_What needs to be done_
Restate word for word the lines from the one containing "Task: Point to the text" through the end of the listing below, with both ends included.

_Recorded information_
* * * *

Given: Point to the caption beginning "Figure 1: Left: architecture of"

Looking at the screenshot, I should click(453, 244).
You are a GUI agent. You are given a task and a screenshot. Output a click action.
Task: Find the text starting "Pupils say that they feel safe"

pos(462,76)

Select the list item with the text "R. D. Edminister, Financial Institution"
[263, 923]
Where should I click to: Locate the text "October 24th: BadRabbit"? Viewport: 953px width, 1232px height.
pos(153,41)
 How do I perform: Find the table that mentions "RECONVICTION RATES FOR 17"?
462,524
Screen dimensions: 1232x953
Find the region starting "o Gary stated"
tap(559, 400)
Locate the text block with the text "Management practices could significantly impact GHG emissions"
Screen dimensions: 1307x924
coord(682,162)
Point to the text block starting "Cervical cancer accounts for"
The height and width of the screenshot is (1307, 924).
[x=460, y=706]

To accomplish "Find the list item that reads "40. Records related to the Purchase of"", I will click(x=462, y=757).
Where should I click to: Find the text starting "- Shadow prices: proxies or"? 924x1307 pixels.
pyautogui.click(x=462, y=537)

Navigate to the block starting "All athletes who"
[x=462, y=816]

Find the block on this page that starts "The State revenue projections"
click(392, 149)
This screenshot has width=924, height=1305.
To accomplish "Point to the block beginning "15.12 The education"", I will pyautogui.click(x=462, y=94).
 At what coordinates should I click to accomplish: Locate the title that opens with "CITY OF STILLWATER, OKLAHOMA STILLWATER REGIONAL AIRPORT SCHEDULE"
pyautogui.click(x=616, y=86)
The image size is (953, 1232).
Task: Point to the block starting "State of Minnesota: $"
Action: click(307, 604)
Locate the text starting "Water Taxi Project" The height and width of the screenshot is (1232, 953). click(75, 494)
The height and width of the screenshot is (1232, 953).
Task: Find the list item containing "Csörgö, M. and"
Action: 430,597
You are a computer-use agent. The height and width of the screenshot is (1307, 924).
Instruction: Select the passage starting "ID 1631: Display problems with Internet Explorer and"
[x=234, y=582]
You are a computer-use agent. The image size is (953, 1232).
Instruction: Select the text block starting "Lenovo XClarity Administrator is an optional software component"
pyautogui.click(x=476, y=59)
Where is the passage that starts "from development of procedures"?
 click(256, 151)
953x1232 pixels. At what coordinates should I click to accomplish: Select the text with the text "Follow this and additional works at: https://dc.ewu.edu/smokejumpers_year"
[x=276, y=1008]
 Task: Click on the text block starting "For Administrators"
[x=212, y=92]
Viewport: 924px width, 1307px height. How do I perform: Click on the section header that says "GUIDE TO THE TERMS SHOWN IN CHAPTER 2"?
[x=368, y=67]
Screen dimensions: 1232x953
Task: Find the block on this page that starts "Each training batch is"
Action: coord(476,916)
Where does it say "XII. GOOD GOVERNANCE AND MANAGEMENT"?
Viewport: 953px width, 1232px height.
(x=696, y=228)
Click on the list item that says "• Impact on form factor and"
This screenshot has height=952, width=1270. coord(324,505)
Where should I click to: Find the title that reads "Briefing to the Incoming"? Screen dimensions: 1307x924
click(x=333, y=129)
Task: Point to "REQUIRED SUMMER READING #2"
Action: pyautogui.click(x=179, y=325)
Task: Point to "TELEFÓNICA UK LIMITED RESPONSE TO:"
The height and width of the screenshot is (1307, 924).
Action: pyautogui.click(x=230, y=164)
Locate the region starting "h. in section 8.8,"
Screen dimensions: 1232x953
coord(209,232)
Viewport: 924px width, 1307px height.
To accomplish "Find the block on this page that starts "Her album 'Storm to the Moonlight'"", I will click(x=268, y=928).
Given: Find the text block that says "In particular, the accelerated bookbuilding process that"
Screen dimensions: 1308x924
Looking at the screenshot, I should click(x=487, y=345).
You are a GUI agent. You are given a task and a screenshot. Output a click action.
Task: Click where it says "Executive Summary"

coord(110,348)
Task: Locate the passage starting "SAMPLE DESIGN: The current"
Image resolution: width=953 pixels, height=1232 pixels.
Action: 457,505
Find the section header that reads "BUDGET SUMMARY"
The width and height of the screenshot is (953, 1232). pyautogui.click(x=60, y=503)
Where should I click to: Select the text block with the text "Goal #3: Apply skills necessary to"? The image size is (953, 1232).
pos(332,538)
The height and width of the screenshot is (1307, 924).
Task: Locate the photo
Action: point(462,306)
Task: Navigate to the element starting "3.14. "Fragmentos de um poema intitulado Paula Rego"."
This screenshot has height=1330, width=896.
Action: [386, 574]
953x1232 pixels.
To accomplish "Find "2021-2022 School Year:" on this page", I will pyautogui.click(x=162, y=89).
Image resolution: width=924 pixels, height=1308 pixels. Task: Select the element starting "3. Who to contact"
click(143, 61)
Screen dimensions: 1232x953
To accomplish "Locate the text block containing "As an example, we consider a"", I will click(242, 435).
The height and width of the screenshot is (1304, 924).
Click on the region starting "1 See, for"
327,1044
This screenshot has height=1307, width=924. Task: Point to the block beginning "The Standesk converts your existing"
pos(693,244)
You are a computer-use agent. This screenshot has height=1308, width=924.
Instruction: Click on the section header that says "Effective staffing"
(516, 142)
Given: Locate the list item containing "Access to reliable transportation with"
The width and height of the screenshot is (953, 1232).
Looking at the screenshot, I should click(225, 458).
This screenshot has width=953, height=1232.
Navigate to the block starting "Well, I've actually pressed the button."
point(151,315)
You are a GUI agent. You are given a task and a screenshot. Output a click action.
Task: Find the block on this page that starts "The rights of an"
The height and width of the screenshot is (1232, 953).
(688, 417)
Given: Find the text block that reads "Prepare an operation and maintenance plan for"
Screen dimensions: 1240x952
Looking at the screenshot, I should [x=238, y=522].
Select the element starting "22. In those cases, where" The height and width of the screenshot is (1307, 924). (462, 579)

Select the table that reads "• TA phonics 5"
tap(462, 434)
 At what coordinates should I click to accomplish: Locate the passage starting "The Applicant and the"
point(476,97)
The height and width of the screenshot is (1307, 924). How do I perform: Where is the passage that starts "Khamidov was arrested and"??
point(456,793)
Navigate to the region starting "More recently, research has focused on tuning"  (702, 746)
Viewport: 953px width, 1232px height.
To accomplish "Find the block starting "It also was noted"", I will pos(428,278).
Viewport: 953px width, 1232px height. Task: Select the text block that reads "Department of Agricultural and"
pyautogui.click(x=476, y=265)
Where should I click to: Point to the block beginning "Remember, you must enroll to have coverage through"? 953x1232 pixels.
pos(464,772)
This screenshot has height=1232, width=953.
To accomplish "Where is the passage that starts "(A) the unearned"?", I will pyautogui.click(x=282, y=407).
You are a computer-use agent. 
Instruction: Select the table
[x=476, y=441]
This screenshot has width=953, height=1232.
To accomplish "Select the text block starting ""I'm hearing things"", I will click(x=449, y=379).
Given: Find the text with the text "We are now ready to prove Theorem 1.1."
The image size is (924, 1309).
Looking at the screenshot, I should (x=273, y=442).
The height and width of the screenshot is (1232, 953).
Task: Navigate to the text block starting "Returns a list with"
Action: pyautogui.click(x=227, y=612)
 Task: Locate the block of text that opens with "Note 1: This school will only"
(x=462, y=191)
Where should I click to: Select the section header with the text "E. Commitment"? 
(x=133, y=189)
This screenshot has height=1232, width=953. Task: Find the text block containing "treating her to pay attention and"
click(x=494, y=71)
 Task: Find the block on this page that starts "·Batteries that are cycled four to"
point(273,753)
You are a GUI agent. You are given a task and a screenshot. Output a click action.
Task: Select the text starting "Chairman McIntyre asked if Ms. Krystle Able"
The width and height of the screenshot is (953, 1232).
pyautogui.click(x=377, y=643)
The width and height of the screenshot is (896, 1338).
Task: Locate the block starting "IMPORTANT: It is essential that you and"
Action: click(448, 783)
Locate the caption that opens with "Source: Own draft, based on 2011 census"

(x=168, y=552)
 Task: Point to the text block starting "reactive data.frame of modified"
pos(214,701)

* * * *

_The answer_
 Task: Point to the text block starting "reactive data.frame of modified"
pos(214,701)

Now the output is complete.